Pan Jie, Wang Shiwei, Yu Changqing, Li Liping, You Zhuhong, Sun Yanmei
Key Laboratory of Resources Biology and Biotechnology in Western China, Ministry of Education, College of Life Science, Northwest University, Xi'an 710069, China.
School of Information Engineering, Xijing University, Xi'an 710123, China.
Biology (Basel). 2022 May 19;11(5):775. doi: 10.3390/biology11050775.
Protein-protein interactions (PPIs) are crucial for understanding the cellular processes, including signal cascade, DNA transcription, metabolic cycles, and repair. In the past decade, a multitude of high-throughput methods have been introduced to detect PPIs. However, these techniques are time-consuming, laborious, and always suffer from high false negative rates. Therefore, there is a great need of new computational methods as a supplemental tool for PPIs prediction. In this article, we present a novel sequence-based model to predict PPIs that combines Discrete Hilbert transform (DHT) and Rotation Forest (RoF). This method contains three stages: firstly, the Position-Specific Scoring Matrices (PSSM) was adopted to transform the amino acid sequence into a PSSM matrix, which can contain rich information about protein evolution. Then, the 400-dimensional DHT descriptor was constructed for each protein pair. Finally, these feature descriptors were fed to the RoF classifier for identifying the potential PPI class. When exploring the proposed model on the , , and PPIs datasets, it yielded excellent prediction accuracies of 91.93, 96.35, and 94.24%, respectively. In addition, we also conducted numerous experiments on cross-species PPIs datasets, and the predictive capacity of our method is also very excellent. To further access the prediction ability of the proposed approach, we present the comparison of RoF with four powerful classifiers, including Support Vector Machine (SVM), Random Forest (RF), K-nearest Neighbor (KNN), and AdaBoost. We also compared it with some existing superiority works. These comprehensive experimental results further confirm the excellent and feasibility of the proposed approach. In future work, we hope it can be a supplemental tool for the proteomics analysis.

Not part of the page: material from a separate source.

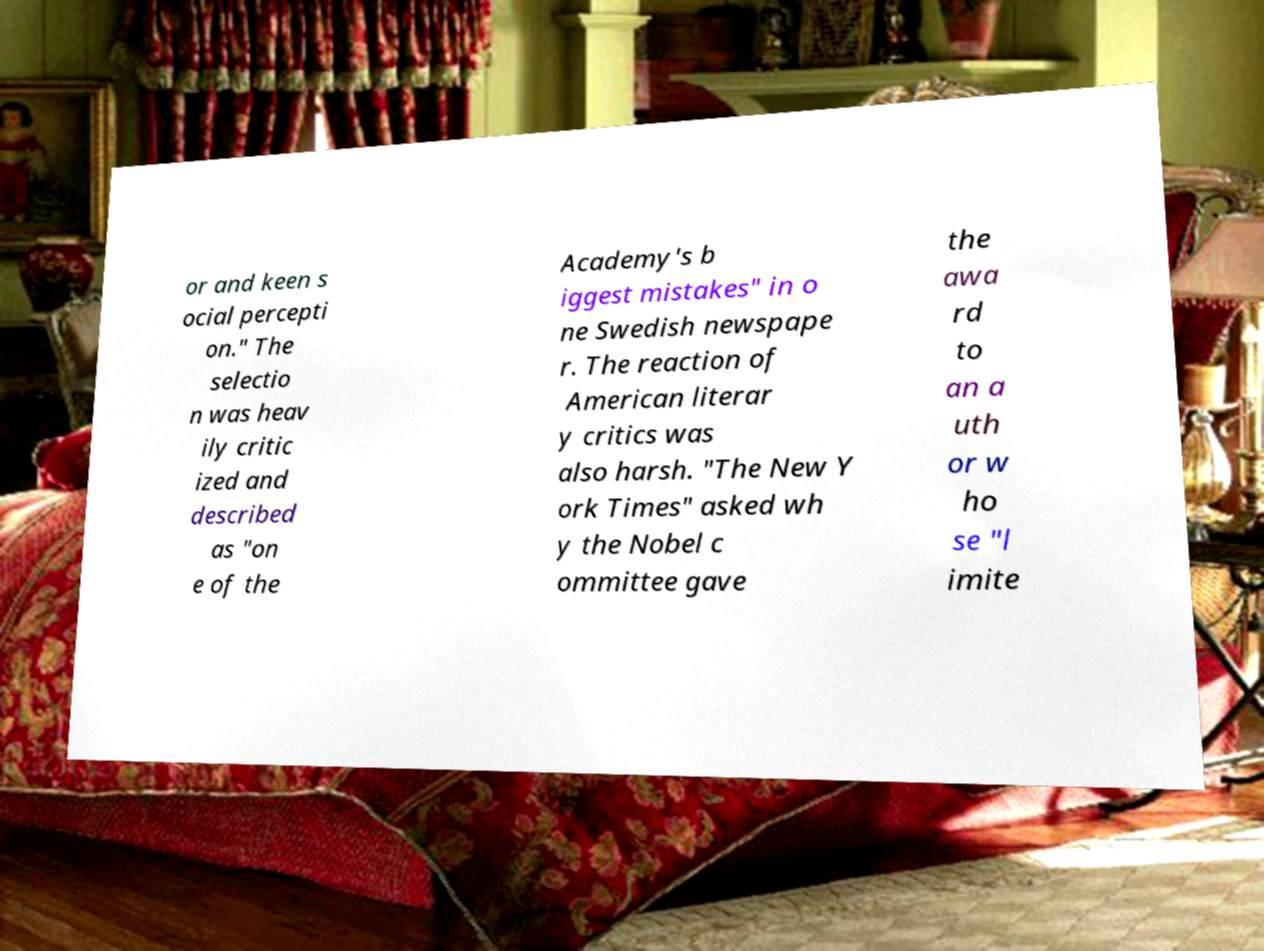Can you accurately transcribe the text from the provided image for me? or and keen s ocial percepti on." The selectio n was heav ily critic ized and described as "on e of the Academy's b iggest mistakes" in o ne Swedish newspape r. The reaction of American literar y critics was also harsh. "The New Y ork Times" asked wh y the Nobel c ommittee gave the awa rd to an a uth or w ho se "l imite

蛋白质-蛋白质相互作用(PPIs)对于理解细胞过程至关重要,这些过程包括信号级联、DNA转录、代谢循环和修复。在过去十年中,已经引入了多种高通量方法来检测PPIs。然而,这些技术耗时、费力,并且总是存在高假阴性率。因此,迫切需要新的计算方法作为PPIs预测的补充工具。在本文中,我们提出了一种基于序列的新型模型来预测PPIs,该模型结合了离散希尔伯特变换(DHT)和旋转森林(RoF)。该方法包括三个阶段:首先,采用位置特异性评分矩阵(PSSM)将氨基酸序列转换为PSSM矩阵,该矩阵可以包含有关蛋白质进化的丰富信息。然后,为每个蛋白质对构建400维DHT描述符。最后,将这些特征描述符输入到RoF分类器中以识别潜在的PPI类别。当在、和PPIs数据集上探索所提出的模型时,它分别产生了91.93%、96.35%和94.24%的优异预测准确率。此外,我们还对跨物种PPIs数据集进行了大量实验,我们方法的预测能力也非常出色。为了进一步评估所提出方法的预测能力,我们将RoF与四个强大的分类器进行了比较,包括支持向量机(SVM)、随机森林(RF)、K近邻(KNN)和AdaBoost。我们还将其与一些现有的优势工作进行了比较。这些全面的实验结果进一步证实了所提出方法的优异性能和可行性。在未来的工作中,我们希望它能成为蛋白质组学分析的补充工具。